Chapter 21

132 16 2
                                    

Sebelum hari ini tiba, ada hari di mana semua alur berubah menjadi pilu. Sebelum hari ini datang, hari itu sebelumnya sudah mengajak lukanya lebih dulu.

Ibnu, anak yang ceria, pandai bergurau walau membosankan untuk Fariz dengar. Tapi jauh sebelumnya, Ibnu pernah mengatakan kalau dia sendiri, di ruangan gelap bersama sepi yang selalu datang. Di ruang yang menyekat waktu tanpa ada satu pun yang tahu.

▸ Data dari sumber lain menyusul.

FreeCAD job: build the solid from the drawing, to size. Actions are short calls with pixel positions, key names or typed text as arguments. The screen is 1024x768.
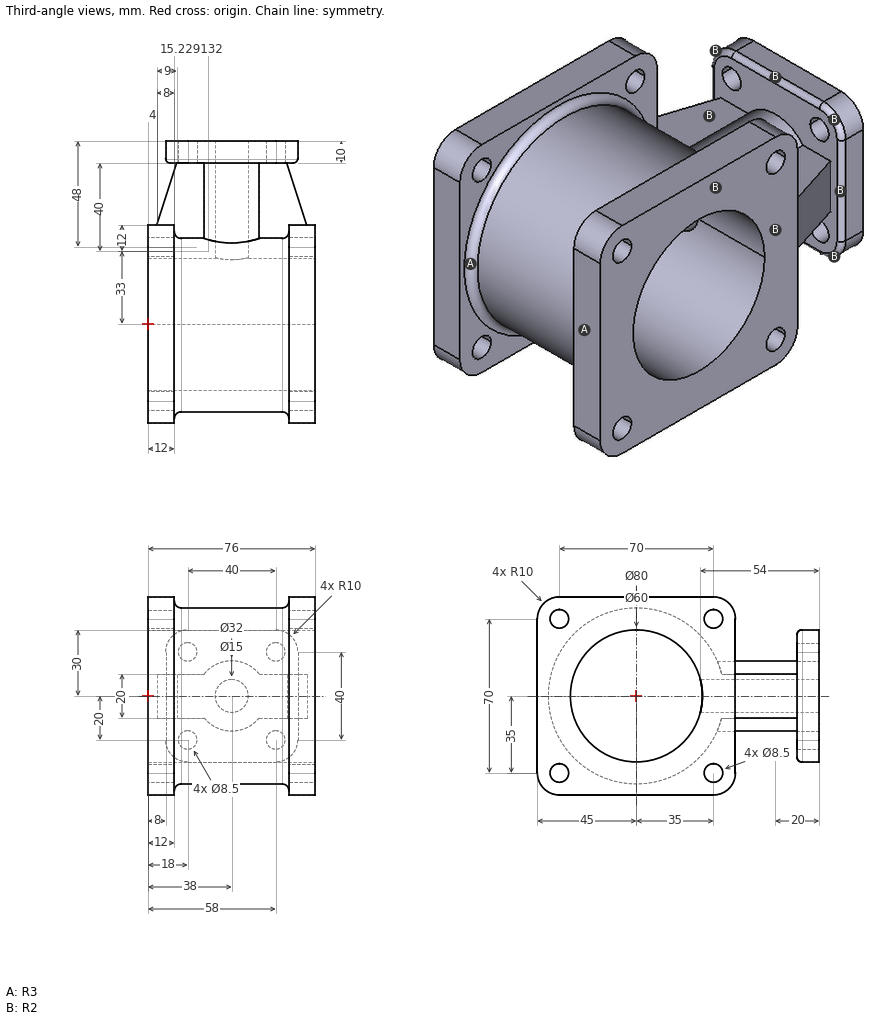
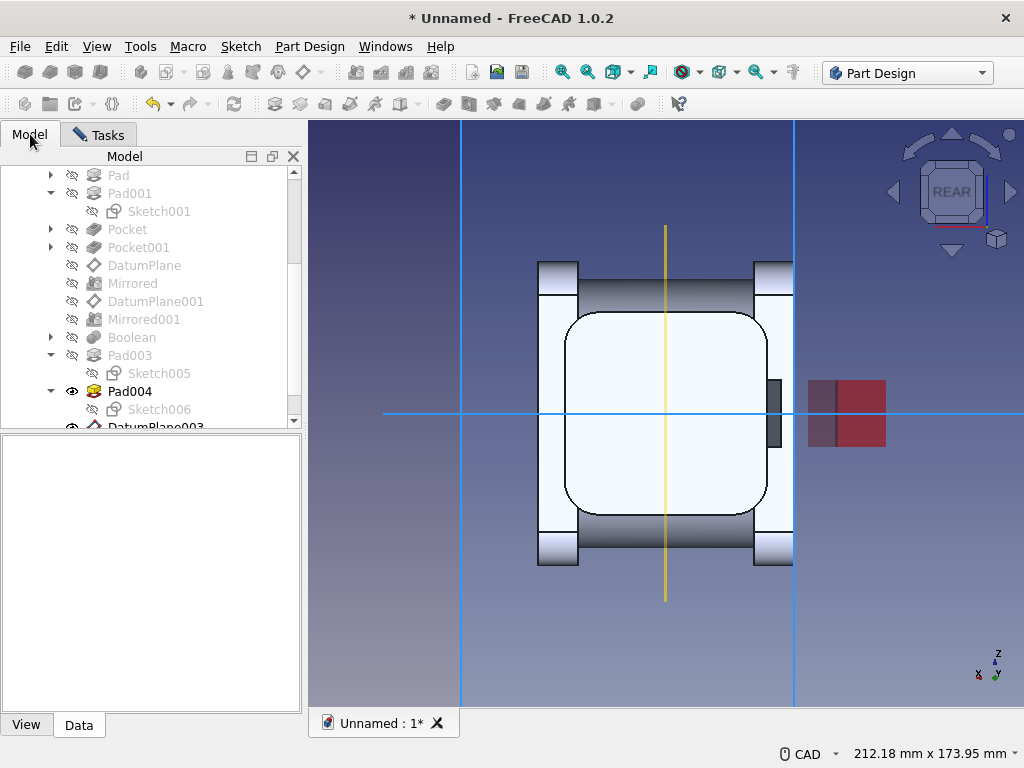
click(117, 427)

Jauh sebelum kecelakaan itu hadir, Ibnu juga pernah masuk rumah sakit akibat ulah seseorang. Regi tahu, orang itu, bahkan pernah mengancamnya untuk tidak melapor pada yang berwajib.

Ketika itu, Galuh masih SMP, liburan yang dirasanya menyenangkan, tapi malah membawa tangis Kamila hadir diantara senyum yang Galuh ciptakan.

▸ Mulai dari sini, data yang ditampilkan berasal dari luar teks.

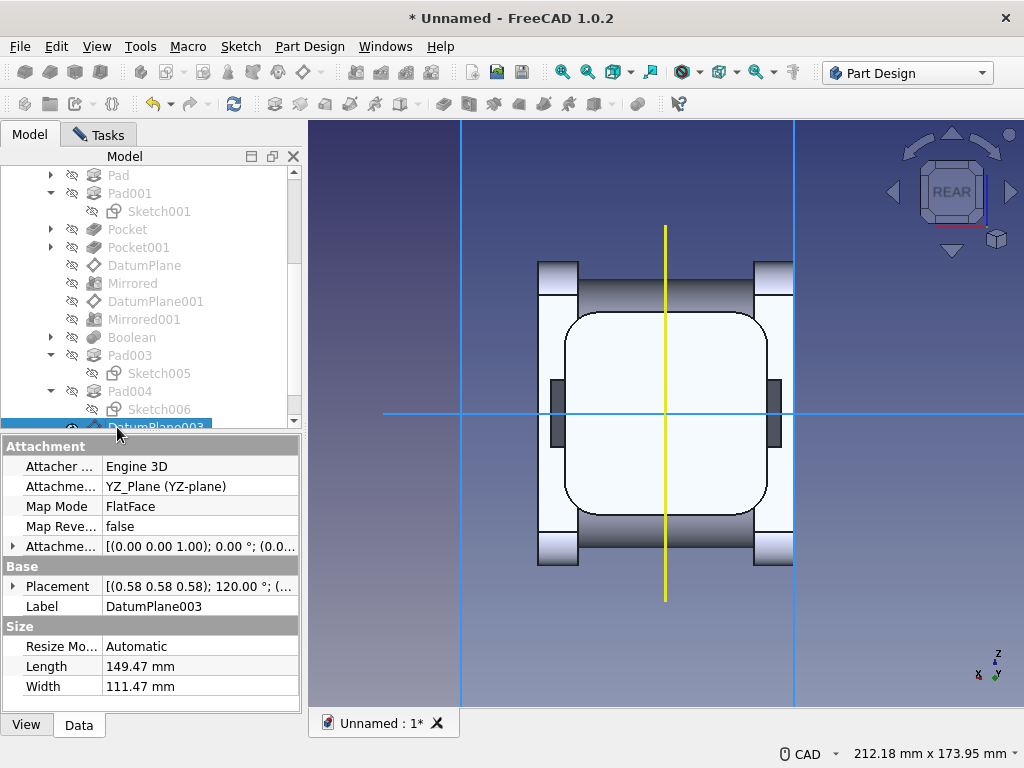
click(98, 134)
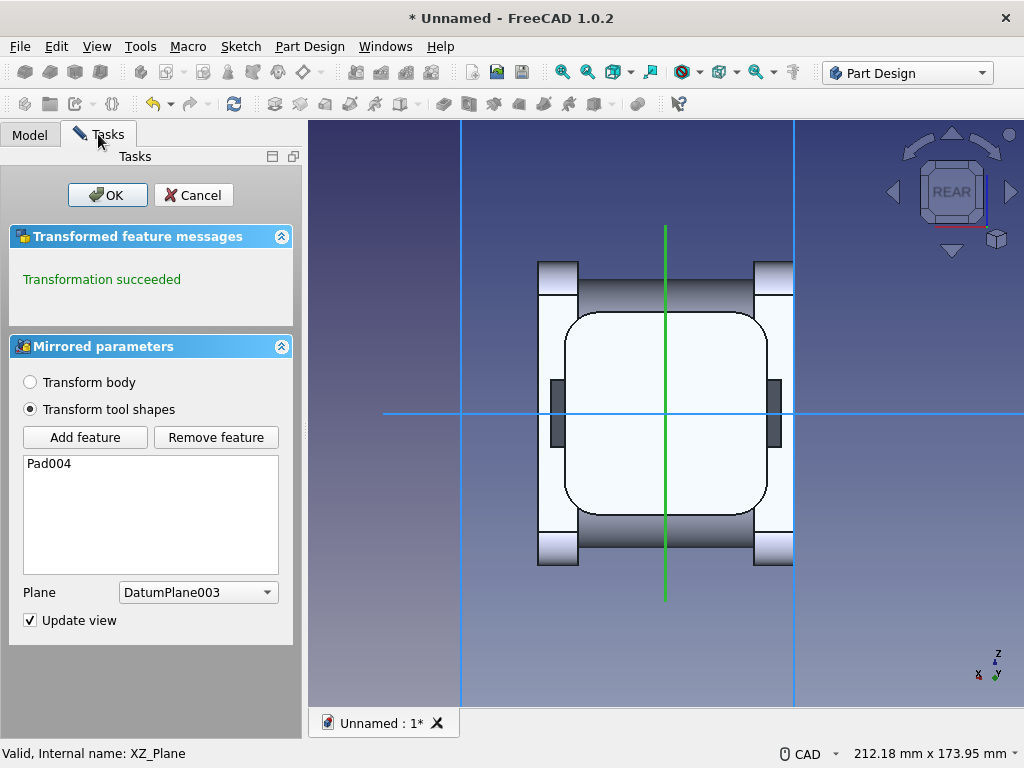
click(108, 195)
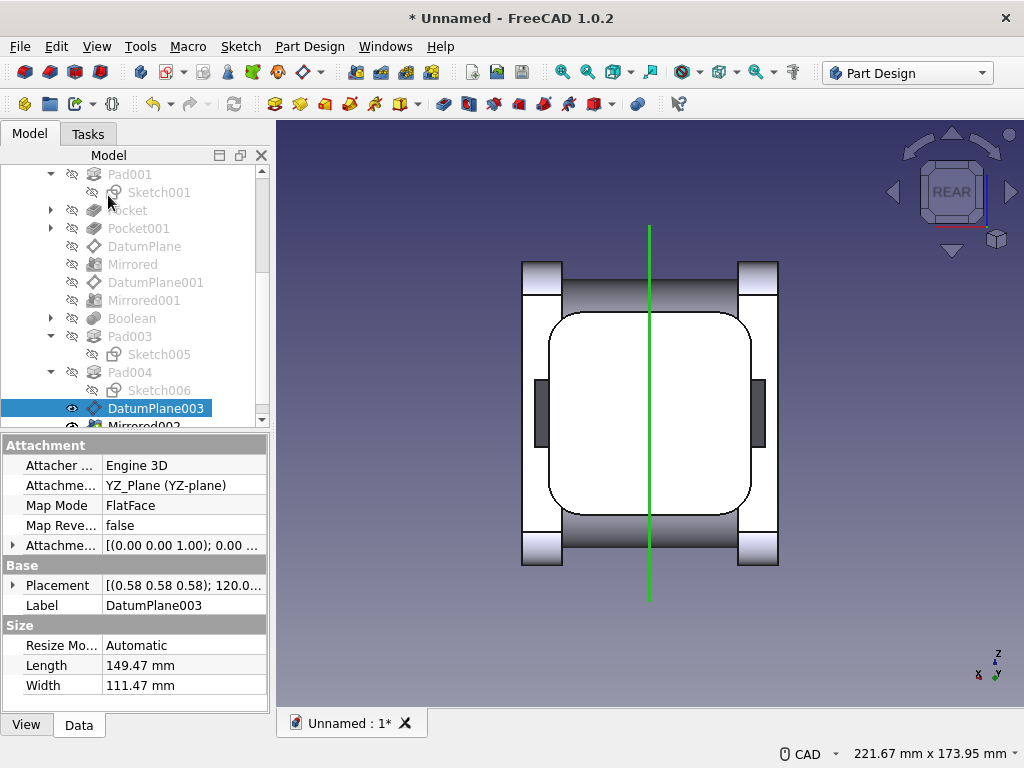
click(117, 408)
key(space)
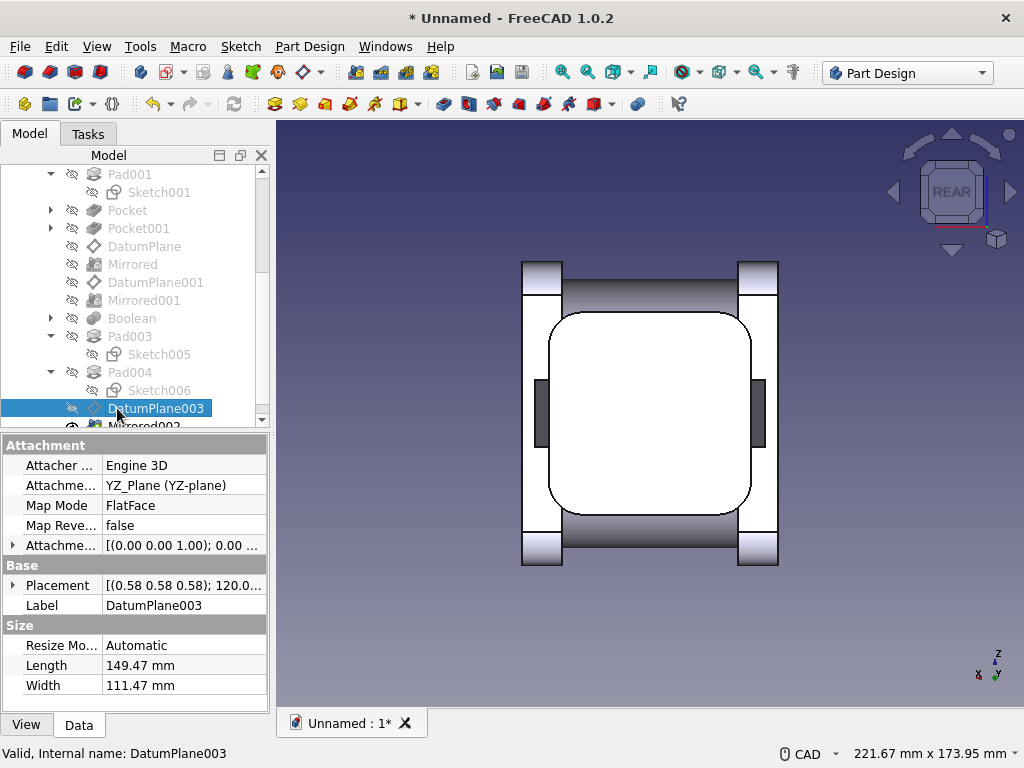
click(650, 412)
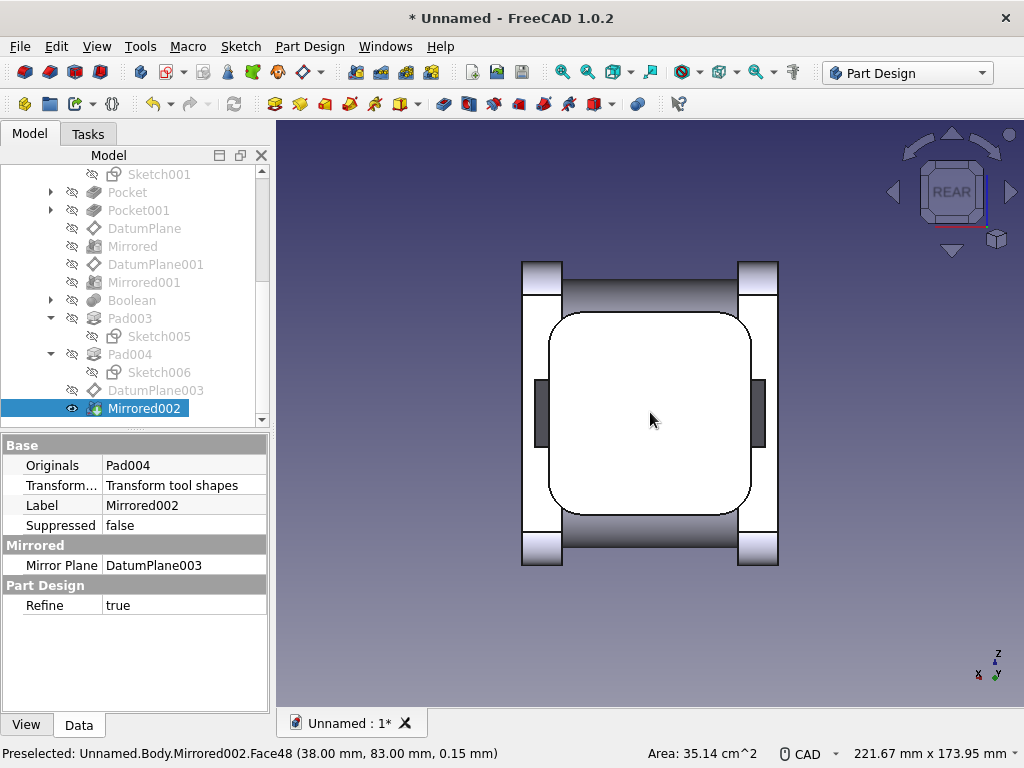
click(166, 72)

Galuh, Ibnu, dan Fariz adalah satu. Mereka tak pernah terpisah, meski ketiganya memiliki sifat yang berbeda. Galuh tersenyum, tapi tak banyak yang tahu dibalik senyumnya ada tangis yang tak kalah sesak dari apa yang ia lihat saat Kamila memeluk Fariz.

Galuh tak bisa membayangkan betapa rapuhnya Kamila saat tahu Ibnu telah dibawa kabur oleh orang lain. Dalam situasi yang begitu ramai dan banyak orang yang berjalan ke sana dan ke mari, cukup membuat sedikit pandangan  beralih tanpa sadar.

"Om siapa? Om bukan temen Papa!"

Tepuk tangan itu menjadi pembuka saat Ibnu tersadar dari pingsan. Ia melihat sekitarnya, tak ada siapa-siapa di sana. Ibnu kembali menatap orang yang ia ajak bicara sebelum ia mendengar tawa besar itu menggema, membuat Ibnu terdiam untuk beberapa saat.

"Kamu pasti Garuda 'kan, anak Regi Wijaya?"

Tanya orang tersebut sambil memegang sebelah pipi Ibnu. Ibnu memalingkan wajahnya, membiarkan  hiruk piruk angin yang masuk melewati celah lubang di bawah pimtu itu mengembus.

"Wah, ada tamu di sini, rupanya. Ayah ketemu dia di mana?"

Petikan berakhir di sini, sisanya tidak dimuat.